In the province of Rio Negro
(center-south), the Chinese company Metallurgical Corporation of China (MCC)
operates the ferriferous mine of Sierra Grande. This is the largest iron mine
in Argentina, the once historic enterprise Hipasam (Hierro Patagónico Sociedad Anónima Minera), assigned to the Chinese corporation in 2005
for reactivation, by then Governor Miguel Saiz, backed by the National
government. This was the first major investment of Chinese capital in
Argentina. In the town of Sierra Grande employment increased; in return, the
concession contract granted to MCC the facilities and underground wealth for 99
years or until the ore runs out, in exchange for only 6 million dollars and 2%
of gross production as royalties. There are proved reserves to extract iron for
at least 50 years (Río Negro, 2009, January 26; Grupo de
Reflexión Rural, 2011, February 4).
Along with those easy terms,
MCC got the harbor Punta Colorada, whose exports benefit from tax concessions
enjoyed by Patagonian harbors. At National level, mineral exports pay a paltry
3% royalty, but in Patagonian harbors only pay a fee of 1%. The Chinese
company, like all foreign mining ones, benefits from the mining laws enacted by
the neoliberal government of Carlos Menem, now in effect, that exempted those
companies from payment of municipal and provincial taxes during the first 5
years and fix the tax burden for 30 years. The royalties paid to the State are
calculated based on what the companies declare, without an audit by the State.
Those companies do not pay import duties or customs duties, and they can
transfer 100% of their capital and profits abroad (Laufer, R., 2012-2013).
In July 2010 the governor of
the province of La Rioja (northwest), Luis Beder Herrera, was part of the entourage
of President Cristina Fernández Kirchner on her trip to Beijing, and in
November he visited the Shandong Province in China. In March 2011 the governor
travelled to La Rioja to implement an agreement signed between the government
of this province and the Chinese company Shandong Gold to explore gold mines in
Famatina.
La Rioja, with varied proven
mineral reserves in its territory, remains one of the provinces with highest
poverty rates in Argentina. Shandong Gold is a part of Shandong Group, a giant
holding company with businesses and interests in different fields, including
real estate. It is one of the four largest mining corporations in the world: it
handles 40% of gold produced in China, and listed on the Shanghai Gold
Exchange. It should be recalled that China is the largest gold producer in the
world and the second largest consumer worldwide.

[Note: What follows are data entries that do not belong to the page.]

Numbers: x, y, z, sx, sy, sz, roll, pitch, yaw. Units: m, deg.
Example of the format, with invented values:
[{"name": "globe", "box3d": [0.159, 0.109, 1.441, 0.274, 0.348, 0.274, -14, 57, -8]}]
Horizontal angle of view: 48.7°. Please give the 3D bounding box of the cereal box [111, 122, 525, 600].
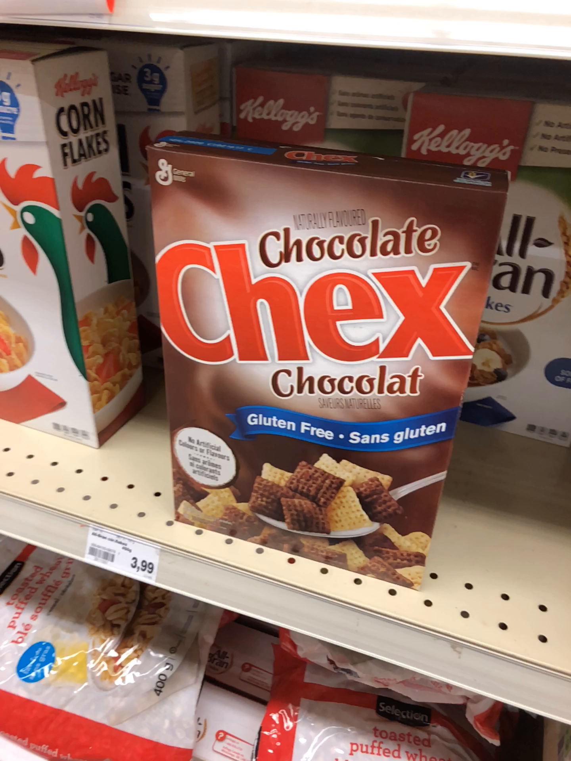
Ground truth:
[{"name": "cereal box", "box3d": [0.010, -0.002, 0.403, 0.210, 0.278, 0.050, 12, 34, 16]}]

A year before said agreement,
the residents of the towns of Chilecito, Famatina and La Rioja (capital of La
Rioja province) had constituted the so-called Citizens Assemblies, and
performed protests and blockades in the road to Mina El Oro, located in the
Famatina mountain —about 30 km from Chilecito city, in the northern part of the
province— to preventively avoid the passage of mining vehicles, as part of a
long struggle in defense of the country's natural resources and against
open-pit mining. Previously, the movement had led to failure the landing in the
region of Barrick Gold, “of diffuse capitals and Canadian appearance”, as some
analysts described (La vaca, 2010,
March 25), and later the one of the Shandong Gold itself. At present it can be
argued that the movement culminates a new chapter of great popular movements,
getting the suspension of similar agreements that the provincial leader, Luis
Beder Herrera, signed with the Canadian Osisko Mining, after passing the law,
while he was governor of the province, banning the open-pit mining, which he
had promoted in his campaign a few months earlier (Perfil, 2012, January 27).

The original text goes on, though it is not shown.